Select e from Employee e where e.status = 'Part-time'

To display this data you would write the Employee data, get and write the Address from the Employee, and get and write each of the Phones. The displayed result is of coarse the same as using SQL, but the SQL generated is quite different.


...
IDNameAddressPhone
6578Bob Jones17 Mountainview Dr., Ottawa519-456-1111, 613-798-2222
7890Jill Betty606 Hurdman Ave., Ottawa613-711-4566, 613-223-5678

N+1 queries problem

SELECT E.* FROM EMPLOYEE E WHERE E.STATUS = 'Part-time'
... followed by N selects to ADDRESS
SELECT A.* FROM ADDRESS A WHERE A.ADDRESS_ID = 123
SELECT A.* FROM ADDRESS A WHERE A.ADDRESS_ID = 456
...
... followed by N selects to PHONE
SELECT P.* FROM PHONE P WHERE P.OWNER_ID = 789
SELECT P.* FROM PHONE P WHERE P.OWNER_ID = 135
...

This will of coarse have very pathetic performance (unless all of the objects were already in the cache). There are a few ways to optimize this in JPA. The most common method is to use join fetching. A join fetch is where an object, and its related objects are fetched in a single query. This is quite easy to define in JPQL, and is similar to defining a join.

JPQL with join fetch

Select e from Employee e join fetch e.address, join fetch e.phones where e.status = 'Part-time'

This produces the same SQL as in the SQL case,

SQL for JPQL with join fetch

SELECT E.*, A.*, P.* FROM EMPLOYEE E, ADDRESS A, PHONE P WHERE E.ADDR_ID = A.ADDRESS_ID AND E.EMP_ID = P.OWNER_ID AND E.STATUS = 'Part-time'

The code to display the Employee results is the same, the objects are just loaded more efficiently.

JPA only defines join fetches using JPQL, with EclipseLink you can also use the @JoinFetch annotation to have a relationship always be join fetched. Some JPA providers will always join fetch any EAGER relationship, this may seem like a good idea, but is generally a very bad idea. EAGER defines if the relationship should be loaded, not how it should be accessed from the database. A user may want every relationship loaded, but join fetching every relationship, in particular every ToMany relationships will lead to a huge join (outer joins at that), fetching a huge amount of duplicate data. Also for ManyToOne relationships such as parent, owner, manager where there is a shared reference (that is probably already in the cache), join fetching this duplicate parent for every child will perform much worse than a separate select (or cache hit).

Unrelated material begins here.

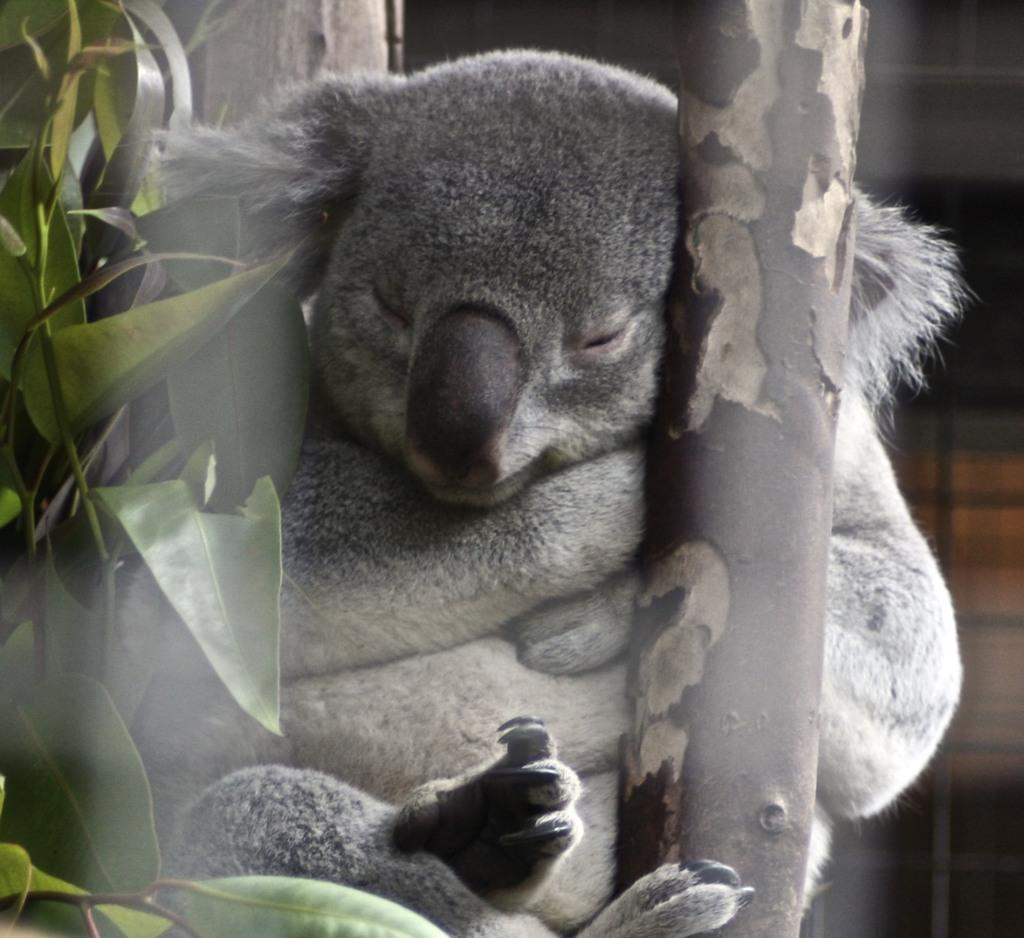What type of animals are in the image? There are koalas in the image. What are the koalas holding or eating in the image? The koalas are holding or eating leaves in the image. What else can be seen in the image besides the koalas? There are branches in the image. How would you describe the background of the image? The background of the image is blurry. What type of screw can be seen in the image? There is no screw present in the image; it features koalas with leaves and branches. What sound do the koalas make in the image? The image is a still picture, so no sounds can be heard or depicted.

JPQL does not allow the aliasing of the join fetch, so if you wish to also query on the relationship, you have to join it twice. This is optimized out to a single join for ToOne relationships, and for ToMany relationships you really need the second join to avoid filtering the object's related objects. Some JPA providers do support using an alias for a join fetch, but the JPA spec does not allow it, and EclipseLink does not support this as of yet (but there is a bug logged).

Nesting join fetches are not directly supported by JPQL either (there is also a bug for this). EclipseLink supports nested join fetches through the Query hints "eclipselink.join-fetch" and "eclipselink.left-join-fetch".

Nested join fetch query hint

query.setHint("eclipselink.join-fetch", "e.projects.milestones");

Join fetching is fine, and the best solution in many use cases, but it is a very relational database centric approach. Another, more creative and object-oriented solution is to use batch fetching. Batch fetching is much harder for the traditional relational mindset to comprehend, but once understood is quite powerful.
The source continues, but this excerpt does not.